Both of us were shock from the sudden alarming sound that always reminds the students to go to their respected classrooms before their teacher shows up.
Natsu startled and lost his words along with the fading sounds of the bell, then he looked away. I sighed and patted his head."Come on let's get a going before we get into trouble from being late" I softly smiled then he nodded.
We hurriedly grab our things and went to class. And since this is the first time I went inside the class with Natsu, I never imagine the great tension along with the awkwardness building up everytime Natsu enters the room. I mean, like really?? what the hell is their problem?
But to my amaze, Natsu handles it like it was his daily routine everyday. He would just look down and hurriedly walk his way to his seat.
Ugh! Even the class know something!
I dont know why it piss me off but I glare to anyone that dares to stare back as I walk to my seat.
This isn't really making any sense!
Then I realize that they we're looking at me for a different reason, I even saw Natsu staring at me and he was sending me some message between his stares but I didn't get it.
"You're shirt.." Natsu whispered then looked away but I saw a tint of pink on his cheeks.
"Shit!" I began blushing then hurriedly put on my shirt. With all of this frustration, I didnt even realized I took my shirt off..
Damn you stripping habit!
Its a good thing Juvia's not here or else she's gonna scold me again with my curse habit..
When I sat down thats when the teacher showed up. After a few introductions, he began writing some lessons on the board. But I wasnt really listening, I still havent got my answer yet so thats the only thing running through my head right now.
And my actions were speaking louder than my words when I was carelessly writing down a note of what I am thinking then absentmindedly pass it down to Natsu.
Natsu's POV
Our teacher showed up and everybody went to their rightful seats. I was still shock from Gray, who just suddenly strip off his shirt for no reason and I just couldn't look at him after that. I wish I was like Juvia, I mean she got used to seeing it. Why does he have to do that anyway? Its the second time I saw that glorious body of his. And my stupid heart just keeps beating so hard that I'm loosing my breath.
Our teacher started writing down some notes on the board and I dont even know if I'm writing it correctly on my notebook.

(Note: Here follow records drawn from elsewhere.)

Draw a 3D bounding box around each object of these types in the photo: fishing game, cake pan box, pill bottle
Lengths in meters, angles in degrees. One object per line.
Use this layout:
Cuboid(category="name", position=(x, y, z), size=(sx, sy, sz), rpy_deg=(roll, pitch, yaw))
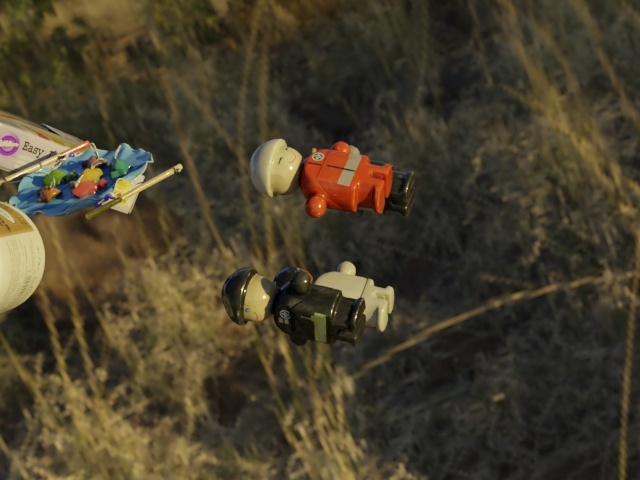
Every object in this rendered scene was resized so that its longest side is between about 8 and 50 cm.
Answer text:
Cuboid(category="fishing game", position=(-0.299, -0.082, 1.639), size=(0.189, 0.041, 0.264), rpy_deg=(-28, 26, -24))
Cuboid(category="cake pan box", position=(-0.419, -0.133, 1.940), size=(0.267, 0.245, 0.070), rpy_deg=(28, 94, 54))
Cuboid(category="pill bottle", position=(-0.389, 0.026, 1.425), size=(0.131, 0.131, 0.229), rpy_deg=(-21, 2, 7))

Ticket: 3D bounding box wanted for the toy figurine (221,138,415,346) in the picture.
Cuboid(category="toy figurine", position=(0.000, 0.000, 1.397), size=(0.148, 0.213, 0.209), rpy_deg=(11, 6, 14))
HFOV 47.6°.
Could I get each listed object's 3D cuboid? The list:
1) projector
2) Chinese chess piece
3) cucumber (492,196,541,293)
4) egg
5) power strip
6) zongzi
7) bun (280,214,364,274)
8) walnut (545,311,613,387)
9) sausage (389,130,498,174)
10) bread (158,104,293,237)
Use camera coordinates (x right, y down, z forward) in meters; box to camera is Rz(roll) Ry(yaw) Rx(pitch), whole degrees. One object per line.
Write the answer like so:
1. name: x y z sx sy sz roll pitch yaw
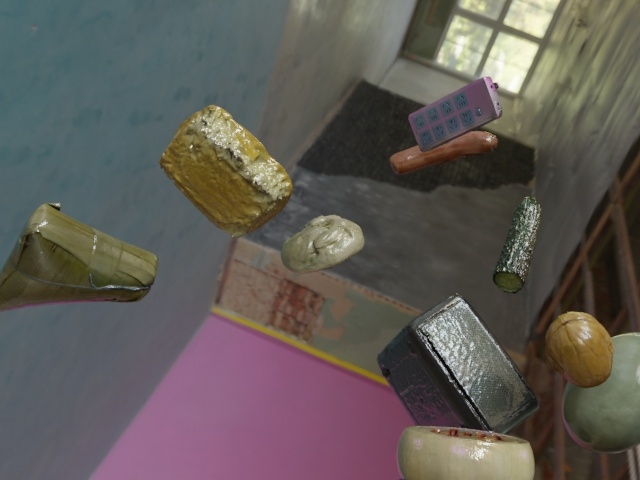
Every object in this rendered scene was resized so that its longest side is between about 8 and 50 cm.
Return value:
1. projector: 0.387 0.419 2.179 0.242 0.405 0.395 -29 165 -21
2. Chinese chess piece: 0.285 0.439 1.442 0.270 0.269 0.112 76 19 -80
3. cucumber: 0.593 -0.001 2.151 0.096 0.096 0.359 107 10 -49
4. egg: 0.796 0.405 1.931 0.352 0.258 0.258 -51 176 7
5. power strip: 0.342 -0.319 1.858 0.037 0.109 0.278 -18 177 -43
6. zongzi: -0.420 0.082 1.206 0.256 0.228 0.115 -50 -148 20
7. bun: 0.000 0.000 1.942 0.210 0.237 0.116 -66 140 -66
8. walnut: 0.634 0.270 1.774 0.207 0.159 0.159 57 42 -31
9. sausage: 0.371 -0.270 2.201 0.087 0.326 0.079 -94 166 -49
10. bread: -0.176 -0.121 1.346 0.174 0.245 0.121 -39 -166 35
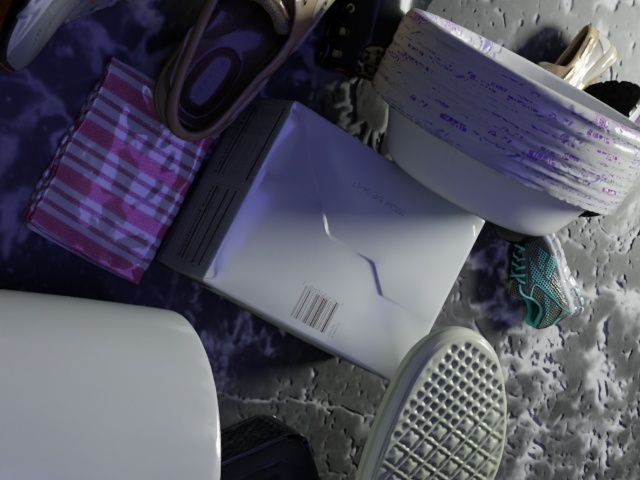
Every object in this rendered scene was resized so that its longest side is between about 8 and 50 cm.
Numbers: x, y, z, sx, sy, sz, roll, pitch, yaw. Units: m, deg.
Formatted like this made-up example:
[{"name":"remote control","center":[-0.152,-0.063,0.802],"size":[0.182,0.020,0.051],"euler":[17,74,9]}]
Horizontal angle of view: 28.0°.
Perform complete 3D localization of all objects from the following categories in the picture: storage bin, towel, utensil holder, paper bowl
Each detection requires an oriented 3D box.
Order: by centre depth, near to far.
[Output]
[{"name":"utensil holder","center":[-0.322,0.194,1.141],"size":[0.385,0.327,0.327],"euler":[6,95,-28]},{"name":"paper bowl","center":[0.182,-0.109,1.304],"size":[0.284,0.284,0.148],"euler":[20,105,-27]},{"name":"towel","center":[-0.200,-0.070,1.320],"size":[0.144,0.029,0.197],"euler":[31,84,-27]},{"name":"storage bin","center":[-0.096,0.280,1.394],"size":[0.180,0.084,0.122],"euler":[-21,107,-22]}]

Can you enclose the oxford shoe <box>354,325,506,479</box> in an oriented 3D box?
[{"name":"oxford shoe","center":[0.094,0.281,1.404],"size":[0.169,0.130,0.449],"euler":[-6,121,-21]}]

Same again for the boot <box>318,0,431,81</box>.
[{"name":"boot","center":[0.023,-0.273,1.366],"size":[0.236,0.085,0.178],"euler":[16,94,-25]}]

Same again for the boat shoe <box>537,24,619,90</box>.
[{"name":"boat shoe","center":[0.277,-0.188,1.517],"size":[0.170,0.063,0.059],"euler":[-44,103,-15]}]

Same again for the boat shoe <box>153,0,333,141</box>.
[{"name":"boat shoe","center":[-0.044,-0.242,1.263],"size":[0.122,0.110,0.341],"euler":[29,95,-14]}]

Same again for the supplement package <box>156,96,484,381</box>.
[{"name":"supplement package","center":[0.000,0.000,1.361],"size":[0.262,0.145,0.204],"euler":[30,84,-26]}]

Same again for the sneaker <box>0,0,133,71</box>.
[{"name":"sneaker","center":[-0.211,-0.257,1.251],"size":[0.121,0.099,0.262],"euler":[39,82,-30]}]

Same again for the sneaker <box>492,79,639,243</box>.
[{"name":"sneaker","center":[0.304,-0.061,1.490],"size":[0.283,0.107,0.124],"euler":[-44,131,-33]}]

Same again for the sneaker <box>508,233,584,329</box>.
[{"name":"sneaker","center":[0.254,0.037,1.539],"size":[0.076,0.065,0.166],"euler":[-31,107,-11]}]

Gray's shirtless image still keeps popping in my head that I'm literally misspelling every word on my notes.
Then all of a sudden, Gray handed me a piece of paper but he wasnt looking at me when he pass it down to me.
'Can I atleast have my answer after school?'
My eyes widened cause I almost forgot about it. A lot of painful memories has happened to me and I dont even know if I still have the guts to trust someone new in my life. But then again, Gray still needs a proper answer.
After all we're friends... right?
I write down an 'okay' at the buttom of note then pass it down to him. I saw him smile at me and I gave him an unsure smile, but he doesnt seem to notice it cause he went back on writing down whatever the teacher was doing on the board.
****
And everything went by so fast and before I knew it, last period of class was over. I've been completely spacing out that I didn't understand a single lesson that our teachers has thought for today. I just hope I can survive the upcoming quiz tommorrow.
I just sigh as I stretch my arms in the air. As I turn to see Gray, I saw him sleeping on his desk. Well, last period was really boring though I was completely spacing out that its just unsual for me to NOT fall asleep today. I placed my stuffs inside my bag while the other students were walking out of the room.
When I realized that we were the only ones inside the room, I felt this sudden quietness around. Then I turn around to see Gray still sleeping on his desk, for some reasons, my feet started walking towards him then I lean closer to get a better view of the sleeping mage. There was a bit of a drool on the side of his slightly opened mouth and I could hear him snoring. He looked so tired yet peaceful at the same time.
*Click*
Absentmindedly, I took a picture of him. And eventhough Gray was right infront of me, I stared at photo on my phone. Then the sudden image of the shirtless Gray has yet again appeared in my head. My heart started to race and I could feel my face heating up again..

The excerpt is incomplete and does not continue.